5-80 修練の日々6
昼食を済ませて正午も幾分か廻った頃、悠達の姿は屋敷の庭にあった。
「これより午後の鍛練を始める。これから一月の間、皆には徹底的に体力を付けて貰うが、始める前にこれを配っておく」
悠は足元に置いておいた箱から『治癒薬』を取り出した。
「鍛練中、体力の限界を感じたら飲んで体力回復に努めてくれ。一人2本渡しておくから受け取るように」
「あの、ユウ兄さん、一人2本は多いのでは? それなりに高価な物ですし、午後だけで使うには・・・」
ミリーが悠に意見したが、悠は首を横に振った。
「構わん、むしろ足りんかと思っているくらいだ。『下位治癒薬』に関しては一月で使い切ってしまうつもりでいるからな」
「「「えっ!?」」」
悠の言葉に全員が固まり、バローが恐る恐る口を開いた。
「・・・なぁ、ユウ。聞いてなかったけど、午後の鍛練ってのは何をするつもりなんだ?」
「走れ」
ベロウはしばらく待ったが、悠からはそれ以上の言葉は続かなかった。
「・・・・・・え? そんだけか? 時間は? 距離は?」
「上限は無い。倒れるまで走れ」
スパルタであった。
「走る範囲はこの屋敷の敷地内だ。それと走った距離は俺が記録しておくから、明日はそれよりも多くなるように走って貰う」
超スパルタであった。
「加えて、大人は装備を持ったまま走れ。子供達は自分の走れる程度で構わんが、お前達は全力の7割程度で走り続けろ」
ついでに大人には容赦も無かった。
「・・・鬼か?」
「泣き言は一切聞くつもりは無い。やれ」
宣言通り、悠はこの度の鍛練において厳しく接すると決めていた。ハリハリがアメであるとすれば、悠はムチに徹するつもりだ。

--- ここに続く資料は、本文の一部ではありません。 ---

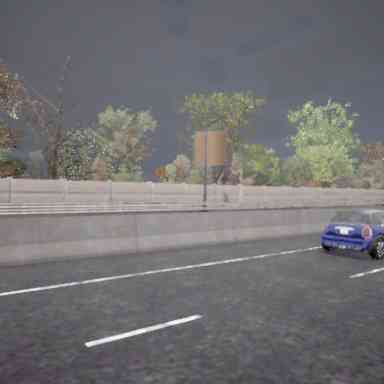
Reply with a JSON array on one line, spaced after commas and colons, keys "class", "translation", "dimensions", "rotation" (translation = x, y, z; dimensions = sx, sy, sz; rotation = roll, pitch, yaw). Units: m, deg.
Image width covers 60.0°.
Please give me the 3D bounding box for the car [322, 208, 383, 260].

(おい、ユウ! こんな事してちゃガキ共がついてこれねぇぞ!)
小声でバローが悠に諫言したが、悠の意思は変わらない。
(口で覚悟を語る事は誰にでも出来るが、実際にはやってみなければ分からん。それで諦めるならそれまでだ。外で生き抜く事は出来んだろう)
(本気で言ってんのかテメェ!!)
(本気の上に正気だ。生存率を上げる為であれば俺は恨まれようと詰られようと意見を変えるつもりは無い。『竜ノ微睡』の前に問うた覚悟が上っ面だけの物ならば、誰か一人でも脱落するなら子供達は今後一切外には出さぬ。・・・バロー、お前は俺の事を勘違いしているのではないのか? 俺は子供だからという理由で適当に流す事はせんぞ?)
(・・・)
悠は子供達に対しては甘いのではないかというバローの考えは悠自身の言葉と行動で崩れ去った。悠の目を見ていれば、今言った事が掛け値無しの本音であるという事が痛いほどに伝わって来たからだ。
(・・・恨まれるぜ、ユウ?)
(恨まれ、泣かれ、倒れ、吐くだろうな。だから何だ?)
(・・・・・・分かってんならもう俺はこれ以上言わねぇ。始めろよ)
バローはふいと悠から目を逸らして吐き捨てた。2人の間に蟠る重い空気は離れる事で薄れていった。
「ではしっかりと体を解してから走り始めろ。俺も水を持って走るから、休憩する者はその際に水分を補給する様に。始め!」
こうして初日の訓練は幕を開けた。
阿鼻叫喚という言葉がある。元々は仏教の言葉であり、阿鼻地獄と叫喚地獄の二つを合わせて地獄の責め苦にあって泣き叫ぶ様を指す言葉であるが、今の子供達を見ればその様子こそが阿鼻叫喚であると嫌でも理解出来るだろう。
「うっ・・・く・・・」
「ひぃ、ひぐっ、・・・」
「うぇぇっ、ハッ、ハッ、うぇぇ・・・」
「うぷっ、ゲホッ!!」
涙を流してその場に崩れ落ち、嘔吐するのは年少組の4人だった。一番身体能力の高い京介からして既に泣きが入っている時点で他の3人の様子も押して知るべしである。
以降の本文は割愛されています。